Graves' disease (GD) is a complex autoimmune disorder characterized by hyperthyroidism and diffuse goitre. 25-50% of the patients with GD develop eye symptoms, Graves' ophthalmopathy (GO). The overall aim of this thesis was to explore the molecular etiology of GD and GO.
By studying gene expression in Studies I, III, and IV, we demonstrated that adipocyte-related immediate early genes (IEGs) including CYR61, COX2, BTG2, and ZFP36 were overexpressed in active GO and to a lesser degree in chronic GO, but not in chronic lymphedema. CYR61-responsive genes were also upregulated in active GO. In Study V, associations were found between SNPs in CYR61, BTG2, and ZFP36 and GD and/or GO. These findings support a role for the IEGs in the pathogenesis of GO.

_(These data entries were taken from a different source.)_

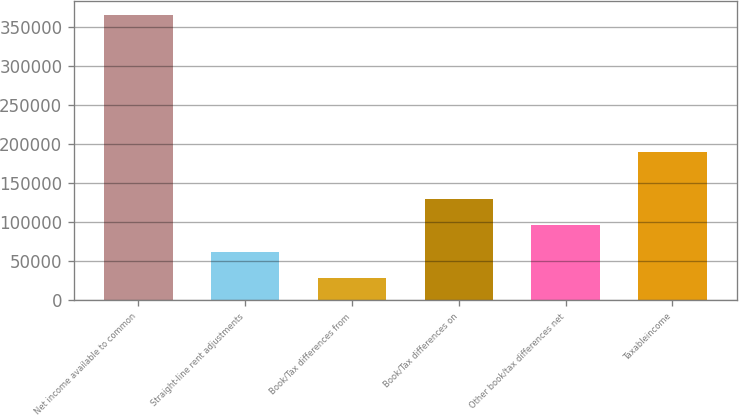Convert chart. <chart><loc_0><loc_0><loc_500><loc_500><bar_chart><fcel>Net income available to common<fcel>Straight-line rent adjustments<fcel>Book/Tax differences from<fcel>Book/Tax differences on<fcel>Other book/tax differences net<fcel>Taxableincome<nl><fcel>365322<fcel>62252.4<fcel>28578<fcel>129601<fcel>95926.8<fcel>190499<nl></chart> 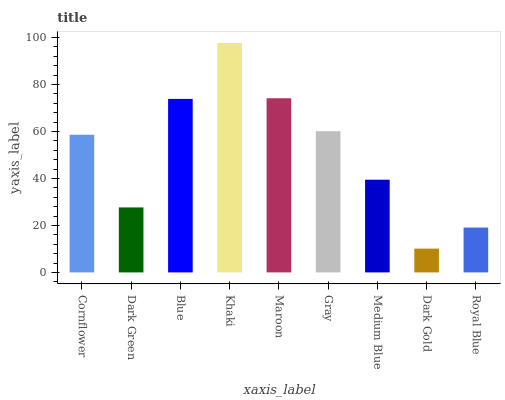Is Dark Gold the minimum?
Answer yes or no. Yes. Is Khaki the maximum?
Answer yes or no. Yes. Is Dark Green the minimum?
Answer yes or no. No. Is Dark Green the maximum?
Answer yes or no. No. Is Cornflower greater than Dark Green?
Answer yes or no. Yes. Is Dark Green less than Cornflower?
Answer yes or no. Yes. Is Dark Green greater than Cornflower?
Answer yes or no. No. Is Cornflower less than Dark Green?
Answer yes or no. No. Is Cornflower the high median?
Answer yes or no. Yes. Is Cornflower the low median?
Answer yes or no. Yes. Is Gray the high median?
Answer yes or no. No. Is Khaki the low median?
Answer yes or no. No. 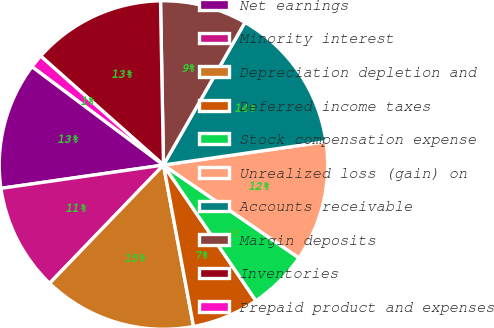Convert chart. <chart><loc_0><loc_0><loc_500><loc_500><pie_chart><fcel>Net earnings<fcel>Minority interest<fcel>Depreciation depletion and<fcel>Deferred income taxes<fcel>Stock compensation expense<fcel>Unrealized loss (gain) on<fcel>Accounts receivable<fcel>Margin deposits<fcel>Inventories<fcel>Prepaid product and expenses<nl><fcel>12.5%<fcel>10.53%<fcel>15.13%<fcel>6.58%<fcel>5.92%<fcel>11.84%<fcel>14.47%<fcel>8.55%<fcel>13.16%<fcel>1.32%<nl></chart> 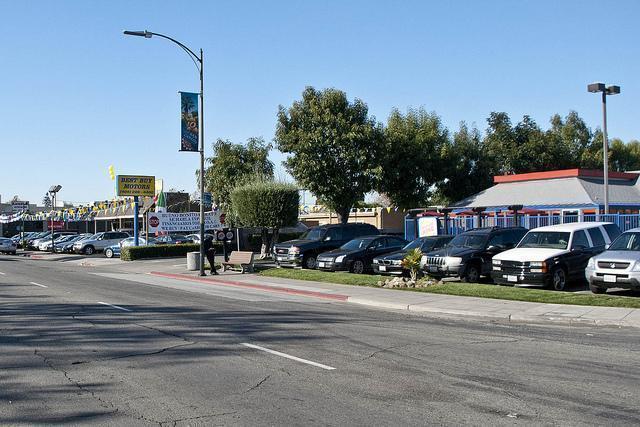What item does the business with banners in front of it sell?
Select the accurate answer and provide justification: `Answer: choice
Rationale: srationale.`
Options: Cars, nothing, car repair, milkshakes. Answer: cars.
Rationale: They have a bunch of cars in their lot 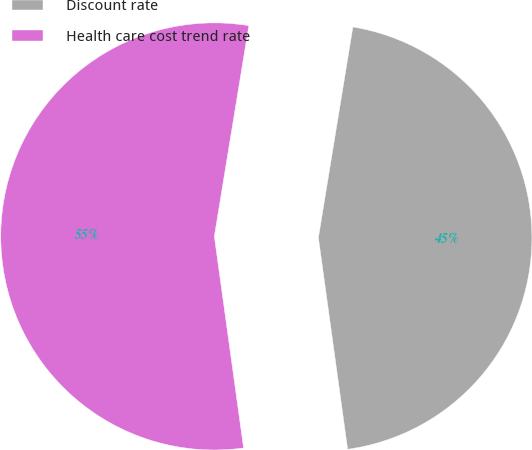Convert chart. <chart><loc_0><loc_0><loc_500><loc_500><pie_chart><fcel>Discount rate<fcel>Health care cost trend rate<nl><fcel>45.23%<fcel>54.77%<nl></chart> 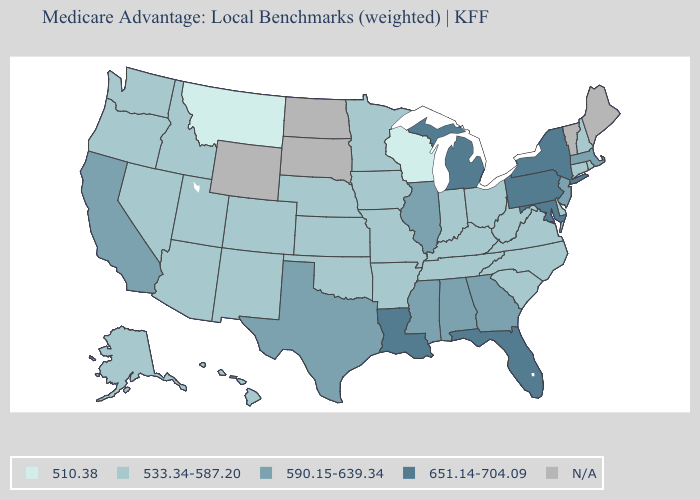Among the states that border Wyoming , does Montana have the highest value?
Concise answer only. No. Does Iowa have the lowest value in the USA?
Answer briefly. No. What is the value of South Carolina?
Write a very short answer. 533.34-587.20. What is the value of Nevada?
Answer briefly. 533.34-587.20. Which states have the highest value in the USA?
Short answer required. Florida, Louisiana, Maryland, Michigan, New York, Pennsylvania. What is the value of North Dakota?
Write a very short answer. N/A. What is the value of Georgia?
Answer briefly. 590.15-639.34. What is the value of Michigan?
Short answer required. 651.14-704.09. Does the first symbol in the legend represent the smallest category?
Quick response, please. Yes. Does the first symbol in the legend represent the smallest category?
Concise answer only. Yes. Name the states that have a value in the range 533.34-587.20?
Keep it brief. Alaska, Arkansas, Arizona, Colorado, Connecticut, Delaware, Hawaii, Iowa, Idaho, Indiana, Kansas, Kentucky, Minnesota, Missouri, North Carolina, Nebraska, New Hampshire, New Mexico, Nevada, Ohio, Oklahoma, Oregon, Rhode Island, South Carolina, Tennessee, Utah, Virginia, Washington, West Virginia. What is the value of Nebraska?
Write a very short answer. 533.34-587.20. What is the lowest value in the USA?
Short answer required. 510.38. 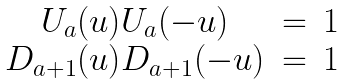<formula> <loc_0><loc_0><loc_500><loc_500>\begin{array} { c c c } U _ { a } ( u ) U _ { a } ( - u ) & = & 1 \\ D _ { a + 1 } ( u ) D _ { a + 1 } ( - u ) & = & 1 \end{array}</formula> 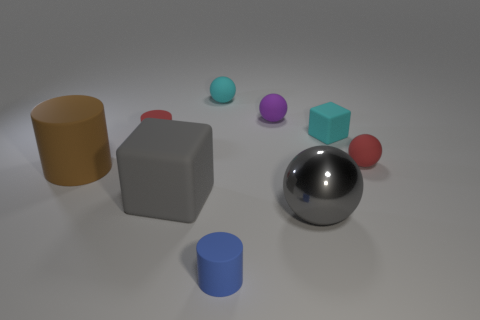How many other objects are the same color as the big shiny object?
Your answer should be compact. 1. What color is the cylinder that is behind the large gray cube and in front of the red rubber cylinder?
Offer a very short reply. Brown. What number of objects are either small blue things or big rubber objects left of the big gray block?
Ensure brevity in your answer.  2. What is the material of the ball that is in front of the big brown rubber object that is to the left of the metallic object that is in front of the large rubber cylinder?
Keep it short and to the point. Metal. Is there anything else that has the same material as the large gray ball?
Offer a terse response. No. Do the block that is left of the big metal sphere and the metallic ball have the same color?
Give a very brief answer. Yes. What number of red things are either blocks or small matte cylinders?
Provide a succinct answer. 1. How many other objects are the same shape as the big shiny thing?
Your response must be concise. 3. Is the material of the big cube the same as the cyan sphere?
Offer a terse response. Yes. There is a thing that is both to the left of the blue thing and in front of the big rubber cylinder; what material is it?
Keep it short and to the point. Rubber.

Inflammation and adipogenesis decreased with decreased disease activity in GO, as demonstrated in Studies I and III by the expression pattern of COX2 and SCD in active and chronic GO. In Study III, we showed that the anti-inflammatory drug diclofenac could inhibit adipogenesis in differentiating 3T3-L1 preadipocytes, decreasing the number of mature adipocytes by approximately 50%.These results suggest that diclofenac may be a therapeutic alternative for GO.
In Study II, we investigated a potential role of the recently discovered hormone thyrostimulin, in GD and GO. We were not able to detect the expression of the beta subunit of thyrostimulin in human healthy and diseased orbital or thyroid tissues. These findings argue against the role of thyrostimulin in human thyroid physiology or disease.
In Study IV, we compared gene expression in chronic arm lymphedema and chronic GO. The expression pattern in lymphedema involved upregulation of genes with roles in wound healing, formation of extracellular matrix and fibrosis, but not upregulation of genes with functions in early adipogenesis. This finding was in contrast to GO, where genes related to adipogenesis, but not fibrosis, were upregulated. To summarize, more differences than similarities exist between chronic arm lymphedema and chronic GO.
In Study V, we investigated whether genetic variation in genes with high expression in GO is associated with GD and/or GO in a Swedish and Polish case/control material. The results of the Swedish study showed associations of SNPs in BTG2, CYR61, ZFP36, and SCD with GD and/or GO; however, rs12136280 in BTG2 and rs3753793 in CYR61 were not associated with GD or GO in the Polish material and the meta-analysis was not significant. The shown associations have to be replicated before they can be considered to be true.